**Work task:** Should pictures appear among the records, leave them out, and copy exactly only the lines from the first through the one with "This view is", inclusive.
[[ Extracted material, beginning ]]
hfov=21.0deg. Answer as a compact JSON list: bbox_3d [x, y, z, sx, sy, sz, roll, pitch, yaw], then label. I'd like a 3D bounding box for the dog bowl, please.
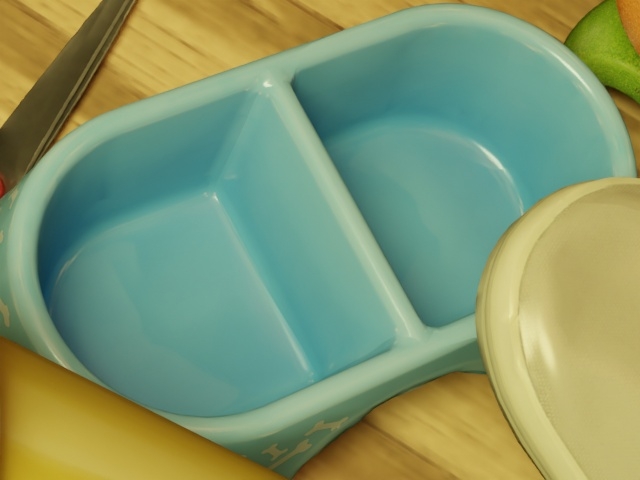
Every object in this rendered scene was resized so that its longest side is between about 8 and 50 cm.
[{"bbox_3d":[0.000,0.000,0.689,0.297,0.074,0.166,-22,74,-24],"label":"dog bowl"}]

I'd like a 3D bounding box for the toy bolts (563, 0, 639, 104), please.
[{"bbox_3d":[0.164,-0.178,0.773,0.228,0.158,0.218,41,63,8],"label":"toy bolts"}]

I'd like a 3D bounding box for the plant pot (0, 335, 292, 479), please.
[{"bbox_3d":[-0.103,0.139,0.525,0.239,0.254,0.254,16,62,-22],"label":"plant pot"}]

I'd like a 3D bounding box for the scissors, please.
[{"bbox_3d":[-0.139,0.001,0.699,0.109,0.021,0.297,42,62,10],"label":"scissors"}]

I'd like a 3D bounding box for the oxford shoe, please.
[{"bbox_3d":[0.256,0.123,0.638,0.449,0.130,0.169,39,67,-2],"label":"oxford shoe"}]
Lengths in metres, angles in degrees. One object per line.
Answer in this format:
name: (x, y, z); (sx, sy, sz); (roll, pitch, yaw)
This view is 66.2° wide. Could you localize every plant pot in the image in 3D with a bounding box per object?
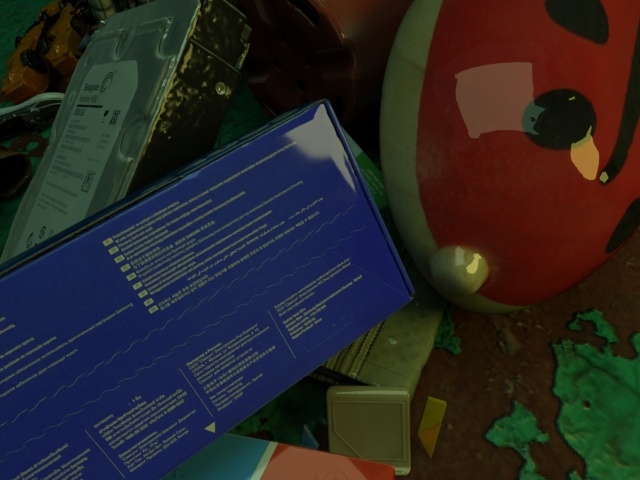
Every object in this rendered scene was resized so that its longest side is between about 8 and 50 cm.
plant pot: (0.051, -0.271, 0.620); (0.272, 0.272, 0.265); (31, 56, 30)

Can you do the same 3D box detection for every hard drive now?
hard drive: (-0.203, -0.052, 0.457); (0.236, 0.064, 0.339); (17, 85, 45)

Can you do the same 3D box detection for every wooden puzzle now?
wooden puzzle: (0.041, 0.155, 0.403); (0.116, 0.079, 0.014); (5, 5, 6)

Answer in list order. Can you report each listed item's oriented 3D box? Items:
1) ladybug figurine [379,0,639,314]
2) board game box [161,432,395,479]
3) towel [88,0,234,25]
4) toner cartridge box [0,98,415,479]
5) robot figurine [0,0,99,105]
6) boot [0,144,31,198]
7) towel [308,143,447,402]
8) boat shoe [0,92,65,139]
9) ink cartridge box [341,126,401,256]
ladybug figurine: (0.213, -0.127, 0.459); (0.162, 0.305, 0.449); (-15, 37, 50)
board game box: (-0.093, 0.284, 0.298); (0.242, 0.064, 0.317); (5, 50, 13)
towel: (-0.217, -0.359, 0.776); (0.121, 0.235, 0.284); (13, 52, 11)
toner cartridge box: (-0.115, 0.058, 0.331); (0.347, 0.165, 0.075); (-32, 19, -15)
robot figurine: (-0.469, -0.356, 0.889); (0.211, 0.085, 0.291); (-23, 47, 13)
boot: (-0.553, -0.051, 0.652); (0.220, 0.109, 0.283); (16, 46, 16)
towel: (0.000, 0.000, 0.556); (0.312, 0.056, 0.324); (18, 51, 19)
boat shoe: (-0.472, -0.198, 0.798); (0.142, 0.049, 0.040); (-20, 68, -7)
ink cartridge box: (-0.047, -0.022, 0.482); (0.208, 0.087, 0.153); (-22, 50, -14)
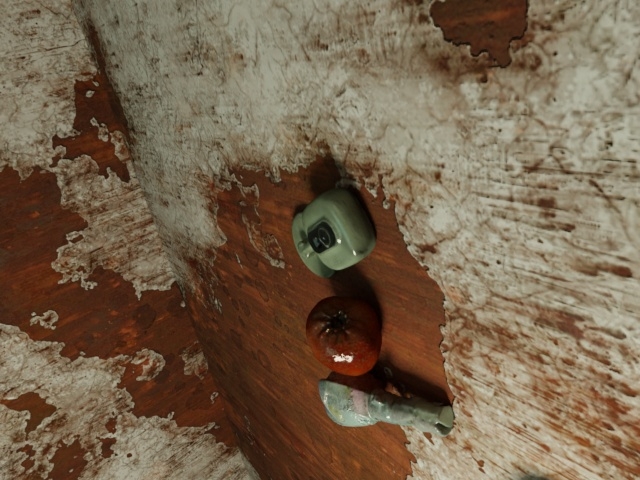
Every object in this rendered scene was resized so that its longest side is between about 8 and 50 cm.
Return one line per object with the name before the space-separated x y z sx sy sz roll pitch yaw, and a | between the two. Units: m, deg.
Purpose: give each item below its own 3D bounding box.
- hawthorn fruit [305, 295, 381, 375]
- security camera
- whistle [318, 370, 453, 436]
hawthorn fruit | 0.047 0.231 1.012 0.165 0.165 0.286 46 155 25
security camera | 0.000 0.000 0.958 0.157 0.080 0.301 60 152 2
whistle | 0.119 0.345 1.008 0.346 0.134 0.142 -5 122 46
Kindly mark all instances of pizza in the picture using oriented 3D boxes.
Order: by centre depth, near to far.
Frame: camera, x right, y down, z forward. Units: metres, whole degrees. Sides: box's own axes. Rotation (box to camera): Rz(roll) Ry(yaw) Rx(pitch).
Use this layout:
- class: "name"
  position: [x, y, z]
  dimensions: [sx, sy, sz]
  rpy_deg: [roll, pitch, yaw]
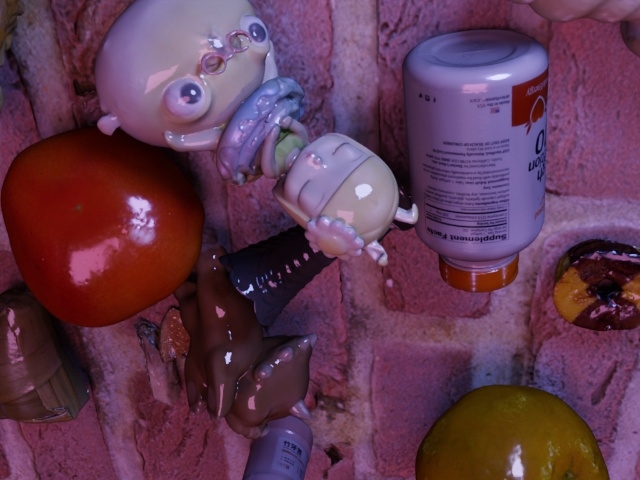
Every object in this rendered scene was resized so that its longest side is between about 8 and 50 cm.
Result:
- class: "pizza"
  position: [-0.202, 0.145, 1.216]
  dimensions: [0.078, 0.025, 0.083]
  rpy_deg: [10, 79, -10]

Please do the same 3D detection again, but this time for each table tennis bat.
- class: "table tennis bat"
  position: [0.100, -0.027, 1.082]
  dimensions: [0.050, 0.007, 0.083]
  rpy_deg: [34, 119, -12]

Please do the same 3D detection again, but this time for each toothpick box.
- class: "toothpick box"
  position: [-0.070, 0.354, 1.263]
  dimensions: [0.098, 0.149, 0.098]
  rpy_deg: [4, 122, 7]

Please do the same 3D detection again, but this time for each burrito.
- class: "burrito"
  position: [-0.247, 0.189, 1.254]
  dimensions: [0.055, 0.041, 0.149]
  rpy_deg: [7, 123, 21]

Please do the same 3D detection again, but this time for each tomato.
- class: "tomato"
  position: [-0.274, -0.025, 1.018]
  dimensions: [0.260, 0.180, 0.259]
  rpy_deg: [0, 86, -1]

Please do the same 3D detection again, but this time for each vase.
- class: "vase"
  position: [0.000, 0.000, 1.015]
  dimensions: [0.237, 0.115, 0.115]
  rpy_deg: [-34, 114, -5]

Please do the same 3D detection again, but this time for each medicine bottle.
- class: "medicine bottle"
  position: [0.181, -0.083, 0.946]
  dimensions: [0.157, 0.157, 0.288]
  rpy_deg: [-2, 121, 11]

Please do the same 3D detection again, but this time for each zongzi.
- class: "zongzi"
  position: [-0.505, 0.179, 1.263]
  dimensions: [0.256, 0.115, 0.228]
  rpy_deg: [-2, 118, 23]

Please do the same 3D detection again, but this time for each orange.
- class: "orange"
  position: [0.262, 0.337, 1.136]
  dimensions: [0.279, 0.279, 0.235]
  rpy_deg: [46, 146, -18]

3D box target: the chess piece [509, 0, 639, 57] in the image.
- class: "chess piece"
  position: [0.342, -0.252, 0.820]
  dimensions: [0.300, 0.167, 0.167]
  rpy_deg: [24, 122, -12]

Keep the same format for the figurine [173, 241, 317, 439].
- class: "figurine"
  position: [-0.094, 0.143, 1.135]
  dimensions: [0.173, 0.247, 0.177]
  rpy_deg: [-4, 157, -29]

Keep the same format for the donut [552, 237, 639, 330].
- class: "donut"
  position: [0.371, 0.055, 1.057]
  dimensions: [0.140, 0.059, 0.140]
  rpy_deg: [4, 122, 6]

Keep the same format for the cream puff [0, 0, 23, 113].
- class: "cream puff"
  position: [-0.477, -0.255, 0.904]
  dimensions: [0.327, 0.231, 0.343]
  rpy_deg: [-7, 147, 17]

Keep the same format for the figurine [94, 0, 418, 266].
- class: "figurine"
  position: [-0.064, -0.112, 0.928]
  dimensions: [0.394, 0.226, 0.274]
  rpy_deg: [37, 163, 9]
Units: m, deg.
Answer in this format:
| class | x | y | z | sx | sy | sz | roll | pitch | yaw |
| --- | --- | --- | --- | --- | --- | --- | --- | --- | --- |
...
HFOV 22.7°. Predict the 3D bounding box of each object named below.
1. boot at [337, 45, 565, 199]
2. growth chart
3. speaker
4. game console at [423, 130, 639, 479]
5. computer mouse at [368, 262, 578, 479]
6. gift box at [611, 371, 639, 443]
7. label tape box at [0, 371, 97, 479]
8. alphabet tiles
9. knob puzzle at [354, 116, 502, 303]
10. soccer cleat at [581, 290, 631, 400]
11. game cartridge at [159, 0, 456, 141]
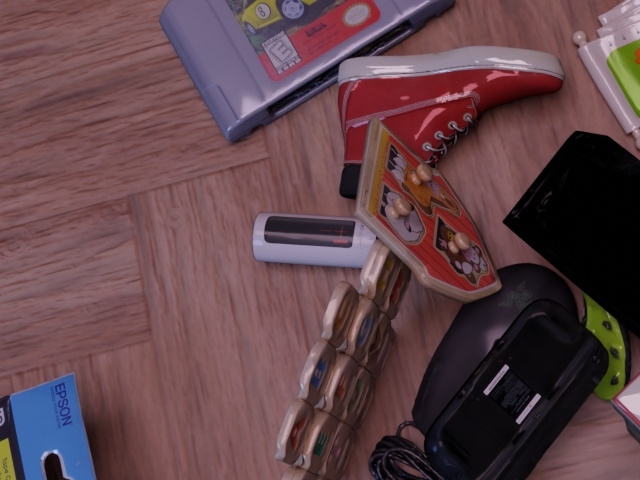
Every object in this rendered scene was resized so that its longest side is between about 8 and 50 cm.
| class | x | y | z | sx | sy | sz | roll | pitch | yaw |
| --- | --- | --- | --- | --- | --- | --- | --- | --- | --- |
| boot | 0.137 | -0.108 | 1.666 | 0.244 | 0.088 | 0.176 | -5 | 77 | 19 |
| growth chart | 0.387 | -0.215 | 1.665 | 0.237 | 0.021 | 0.172 | -37 | 72 | 3 |
| speaker | 0.000 | 0.000 | 1.684 | 0.136 | 0.055 | 0.055 | 4 | 77 | 14 |
| game console | 0.226 | 0.083 | 1.526 | 0.213 | 0.044 | 0.361 | 40 | 79 | -4 |
| computer mouse | 0.173 | 0.145 | 1.598 | 0.188 | 0.072 | 0.272 | 20 | 82 | 18 |
| gift box | 0.444 | 0.163 | 1.433 | 0.276 | 0.258 | 0.255 | 40 | 88 | 20 |
| label tape box | -0.354 | 0.318 | 1.621 | 0.348 | 0.115 | 0.249 | -25 | 60 | 11 |
| alphabet tiles | 0.023 | 0.143 | 1.525 | 0.021 | 0.278 | 0.284 | 19 | 81 | 16 |
| knob puzzle | 0.116 | -0.018 | 1.553 | 0.030 | 0.213 | 0.213 | -37 | 69 | 27 |
| soccer cleat | 0.290 | 0.070 | 1.597 | 0.060 | 0.072 | 0.179 | -6 | 93 | 45 |
| game cartridge | -0.024 | -0.263 | 1.757 | 0.294 | 0.060 | 0.196 | -32 | 68 | 4 |
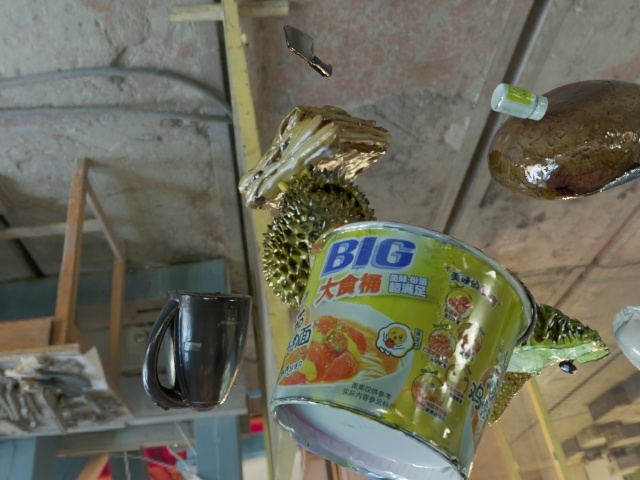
[[ Extracted material, end ]]
**Response below:**
hfov=21.0deg. Answer as a compact JSON list: bbox_3d [x, y, z, sx, sy, sz, roll, pitch, yaw], then label. I'd like a 3D bounding box for the dog bowl, please.
Every object in this rendered scene was resized so that its longest side is between about 8 and 50 cm.
[{"bbox_3d":[0.000,0.000,0.689,0.297,0.074,0.166,-22,74,-24],"label":"dog bowl"}]

I'd like a 3D bounding box for the toy bolts (563, 0, 639, 104), please.
[{"bbox_3d":[0.164,-0.178,0.773,0.228,0.158,0.218,41,63,8],"label":"toy bolts"}]

I'd like a 3D bounding box for the plant pot (0, 335, 292, 479), please.
[{"bbox_3d":[-0.103,0.139,0.525,0.239,0.254,0.254,16,62,-22],"label":"plant pot"}]

I'd like a 3D bounding box for the scissors, please.
[{"bbox_3d":[-0.139,0.001,0.699,0.109,0.021,0.297,42,62,10],"label":"scissors"}]

I'd like a 3D bounding box for the oxford shoe, please.
[{"bbox_3d":[0.256,0.123,0.638,0.449,0.130,0.169,39,67,-2],"label":"oxford shoe"}]
Lengths in metres, angles in degrees. One object per line.
Answer in this format:
name: (x, y, z); (sx, sy, sz); (roll, pitch, yaw)
This view is 66.2° wide. Could you localize every plant pot in the image in 3D with a bounding box per object?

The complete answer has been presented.